Desatenção
/Não sei se me lembro bem, foi inesquecível. Tínhamos finalmente alcançado o lugar monumental e famoso, e tudo aconteceu deste modo, sensivelmente deste modo. O autocarro da excursão escolar percorrera em esforço as estradas sinuosas e fomos reparando que o guião da viagem, tão minucioso, incluindo mapas e umas quantas citações poéticas, servia de leque, óculo improvisado ou avião de brincadeira que aterrava no sítio subitamente tão concreto. Sintra, atravessada de luz entre arvoredos, abraçava viajantes afinal desprevenidos. Olhávamos com surpresa e o grupo desorganizava-se. Onde fixar a atenção?
Os responsáveis pela visita de estudo inquietam-se com o incumprimento do roteiro.
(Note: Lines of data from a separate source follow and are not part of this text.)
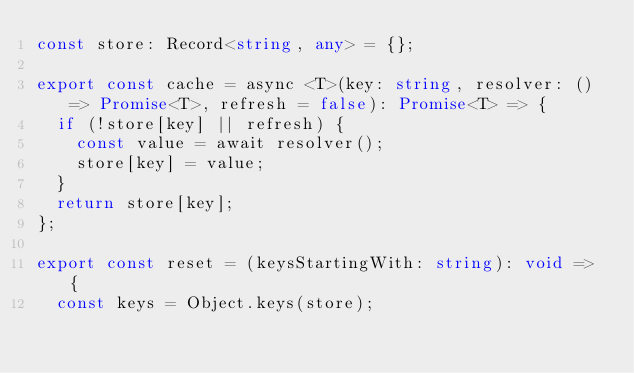Convert code to text. <code><loc_0><loc_0><loc_500><loc_500><_TypeScript_>const store: Record<string, any> = {};

export const cache = async <T>(key: string, resolver: () => Promise<T>, refresh = false): Promise<T> => {
  if (!store[key] || refresh) {
    const value = await resolver();
    store[key] = value;
  }
  return store[key];
};

export const reset = (keysStartingWith: string): void => {
  const keys = Object.keys(store);
</code> 
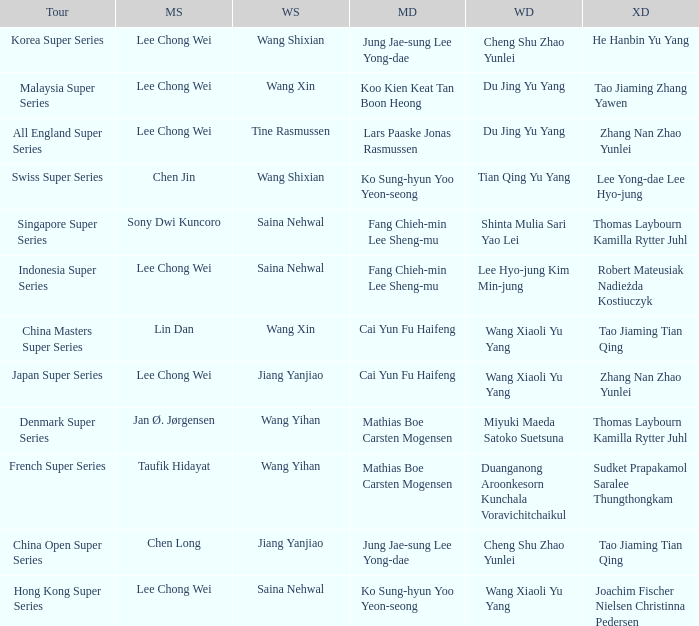Who is the womens doubles on the tour french super series? Duanganong Aroonkesorn Kunchala Voravichitchaikul. Parse the table in full. {'header': ['Tour', 'MS', 'WS', 'MD', 'WD', 'XD'], 'rows': [['Korea Super Series', 'Lee Chong Wei', 'Wang Shixian', 'Jung Jae-sung Lee Yong-dae', 'Cheng Shu Zhao Yunlei', 'He Hanbin Yu Yang'], ['Malaysia Super Series', 'Lee Chong Wei', 'Wang Xin', 'Koo Kien Keat Tan Boon Heong', 'Du Jing Yu Yang', 'Tao Jiaming Zhang Yawen'], ['All England Super Series', 'Lee Chong Wei', 'Tine Rasmussen', 'Lars Paaske Jonas Rasmussen', 'Du Jing Yu Yang', 'Zhang Nan Zhao Yunlei'], ['Swiss Super Series', 'Chen Jin', 'Wang Shixian', 'Ko Sung-hyun Yoo Yeon-seong', 'Tian Qing Yu Yang', 'Lee Yong-dae Lee Hyo-jung'], ['Singapore Super Series', 'Sony Dwi Kuncoro', 'Saina Nehwal', 'Fang Chieh-min Lee Sheng-mu', 'Shinta Mulia Sari Yao Lei', 'Thomas Laybourn Kamilla Rytter Juhl'], ['Indonesia Super Series', 'Lee Chong Wei', 'Saina Nehwal', 'Fang Chieh-min Lee Sheng-mu', 'Lee Hyo-jung Kim Min-jung', 'Robert Mateusiak Nadieżda Kostiuczyk'], ['China Masters Super Series', 'Lin Dan', 'Wang Xin', 'Cai Yun Fu Haifeng', 'Wang Xiaoli Yu Yang', 'Tao Jiaming Tian Qing'], ['Japan Super Series', 'Lee Chong Wei', 'Jiang Yanjiao', 'Cai Yun Fu Haifeng', 'Wang Xiaoli Yu Yang', 'Zhang Nan Zhao Yunlei'], ['Denmark Super Series', 'Jan Ø. Jørgensen', 'Wang Yihan', 'Mathias Boe Carsten Mogensen', 'Miyuki Maeda Satoko Suetsuna', 'Thomas Laybourn Kamilla Rytter Juhl'], ['French Super Series', 'Taufik Hidayat', 'Wang Yihan', 'Mathias Boe Carsten Mogensen', 'Duanganong Aroonkesorn Kunchala Voravichitchaikul', 'Sudket Prapakamol Saralee Thungthongkam'], ['China Open Super Series', 'Chen Long', 'Jiang Yanjiao', 'Jung Jae-sung Lee Yong-dae', 'Cheng Shu Zhao Yunlei', 'Tao Jiaming Tian Qing'], ['Hong Kong Super Series', 'Lee Chong Wei', 'Saina Nehwal', 'Ko Sung-hyun Yoo Yeon-seong', 'Wang Xiaoli Yu Yang', 'Joachim Fischer Nielsen Christinna Pedersen']]} 
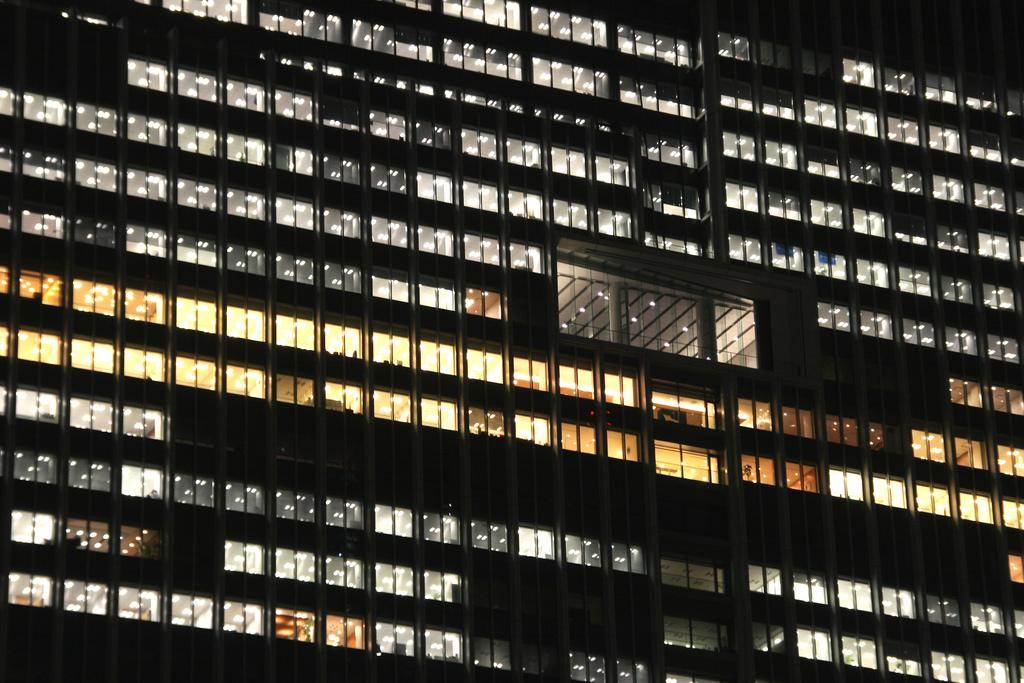What type of structure is present in the image? There is a building in the image. What feature can be seen on the building? There are glass windows on the building. What else is visible in the image besides the building? There are lights visible in the image. What type of doll is being crushed by the building in the image? There is no doll present in the image, nor is there any indication of a doll being crushed by the building.

Impunha-se seguir de imediato o percurso do capítulo VIII de Os Maias, expoente, sublinha o guião, da arte realista; subtítulo, como é sabido, “Episódios da vida romântica”. Mas alguns alunos lambiam enormes gelados, outros ficavam a ouvir música no passeio oposto, voltados para uma parede vazia. Os olhos piscavam, encandeados, porque a praça onde estacionáramos entontecia de demasiada luz. O centro do lugar, onde quer que isso fosse, irradiava em labirintos ofuscados. Estavam desatentos! Sintra refulgia de espaço, como assinalava de novo o guião, mas as sombras eram também fortes e criavam áreas onde a humidade se tornava espessa e os vultos quase invisíveis. Estaríamos todos? Sorviam enormes gelados, mostravam-se imensamente desatentos e olhavam para tudo.